Вода. Теплая, морская. Неподалеку есть еще несколько тоннелей, только что толку… От ЭТОГО – волн безумного страха – не скроешься. От смерти не спрячешься. – Я думал, ты продержишься дольше, – сказал он с легким разочарованием. Пока еще издалека. Нас разделяло шагов сорок, но мы уже видели друг друга. Я задыхался, прилипнув к стене. Нэйш выглядел свеженьким, будто прогулялся перед завтраком. – Могу тебе предоставить выбор – как, – сказал он, и уголки губ чуть приподнялись. – Не беспокойся, боли не будет. Быстро и безболезненно, я этому учил Кани, твоя дочь оказалась очень способной. Кани. Алое пятно волос снова замаячило перед глазами, потом волосы отбросил ветер, прояснилось лицо. Кани Гроски, в замужестве Аскания Тербенно. Она еще возмущалась пару месяцев назад, что ее дочка родилась мелкой и красной, «Нет, совсем как Десми, когда он возмущенный, только она еще и орет». Девочку назвали Эффи – мою внучку. Роды принимала Аманда – и первую колыбельную пела Аманда, подобрав черные волосы, переплетя их праздничными алыми лентами, баюкая малышку на руках. Я заслушался тогда песней, залюбовался улыбкой Аманды и спящей девчушкой – и подумал, что ничего больше-то и не надо.
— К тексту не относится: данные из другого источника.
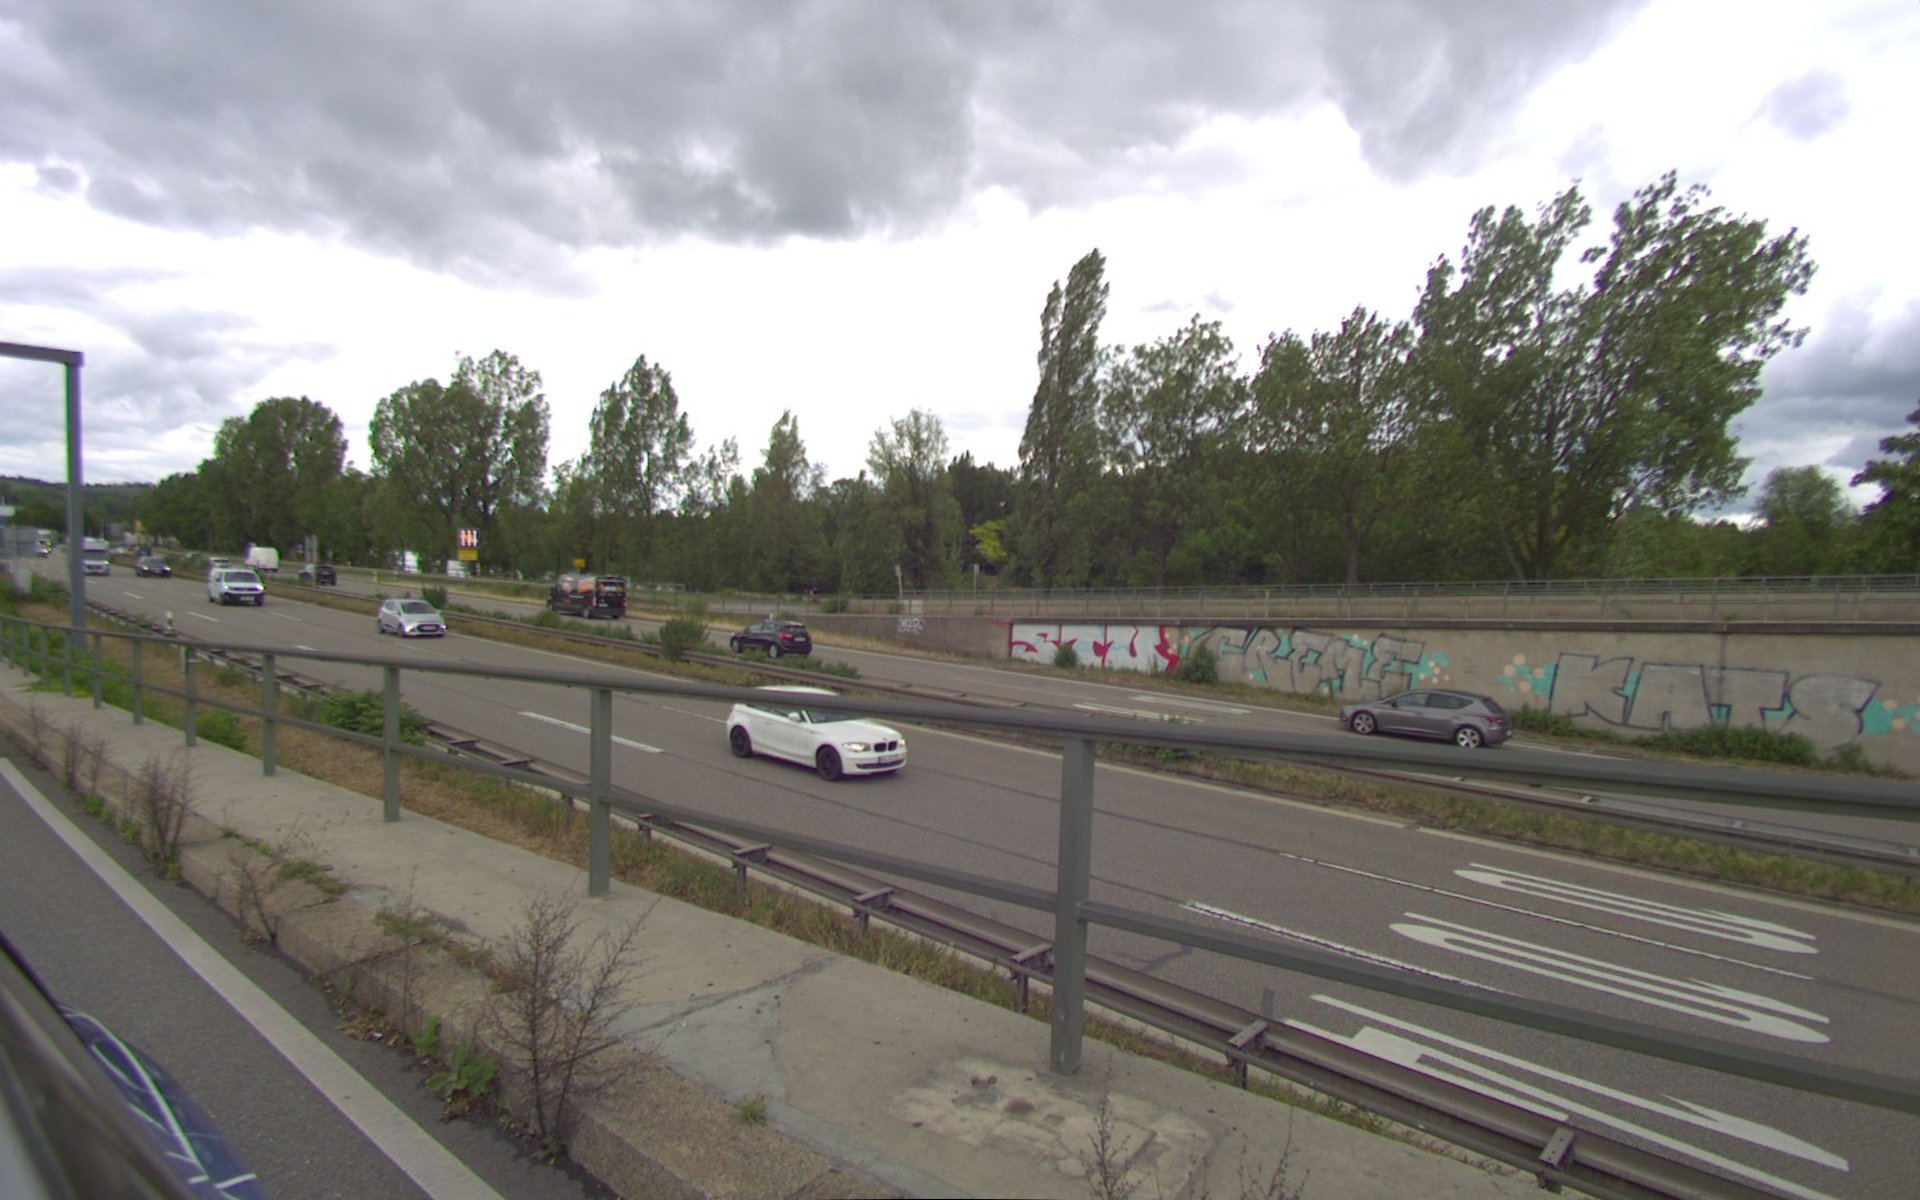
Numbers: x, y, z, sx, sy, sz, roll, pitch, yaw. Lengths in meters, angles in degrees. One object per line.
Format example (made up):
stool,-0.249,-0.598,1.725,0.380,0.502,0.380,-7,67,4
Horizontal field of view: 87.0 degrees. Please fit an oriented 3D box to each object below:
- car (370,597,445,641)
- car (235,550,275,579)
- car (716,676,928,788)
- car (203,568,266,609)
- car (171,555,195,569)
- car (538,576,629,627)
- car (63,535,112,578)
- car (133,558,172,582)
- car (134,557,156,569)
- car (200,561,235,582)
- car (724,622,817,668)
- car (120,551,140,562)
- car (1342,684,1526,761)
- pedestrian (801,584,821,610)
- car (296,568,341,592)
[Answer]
car,-23.004,0.767,42.105,3.681,1.564,1.540,4,3,41
car,-75.339,-3.832,108.119,5.359,2.800,2.187,4,2,41
car,-2.756,2.442,19.618,4.164,1.462,1.724,4,2,41
car,-39.473,-0.669,55.042,4.898,1.949,1.928,5,4,44
car,-104.263,-5.106,135.813,3.931,1.662,1.879,4,3,41
car,-21.758,0.035,58.330,6.111,2.565,2.221,4,2,40
car,-71.236,-3.600,82.542,7.664,3.264,2.335,5,3,44
car,-66.074,-2.470,82.753,4.280,1.726,1.820,4,2,42
car,-122.388,-5.532,151.956,3.931,1.662,1.879,3,2,41
car,-68.063,-2.618,92.726,3.930,1.662,1.739,4,3,41
car,-7.691,1.771,40.890,3.857,1.512,1.646,4,2,41
car,-133.758,-6.963,163.025,3.931,1.662,1.879,3,2,41
car,12.570,3.181,26.976,4.109,1.386,1.693,4,2,41
pedestrian,-10.165,-0.236,68.841,1.077,1.717,0.821,4,3,41
car,-52.311,-1.645,82.480,4.332,1.662,1.879,4,2,41

Только комната, где звенит песня и нет места страху. – Ничего не скажешь напоследок? – осведомился Нэйш, неторопливо шествуя ко мне. – Я мог бы отписать ей. Или передать лично – как лучше? Ничего, я передам лично сам. Всем. Как только прихлопну чертову крысу и все-таки выберусь.
Слабость ушла. Теперь только угадать момент. Определить направление рывка... Понять, что делать.
Глядя в лицо моей приближающейся смерти.
Неспешно – неспешно приближающейся, потому что какая тут спешка, когда жертва прижимается спиной к стене, парализована ужасом, неспособна действовать…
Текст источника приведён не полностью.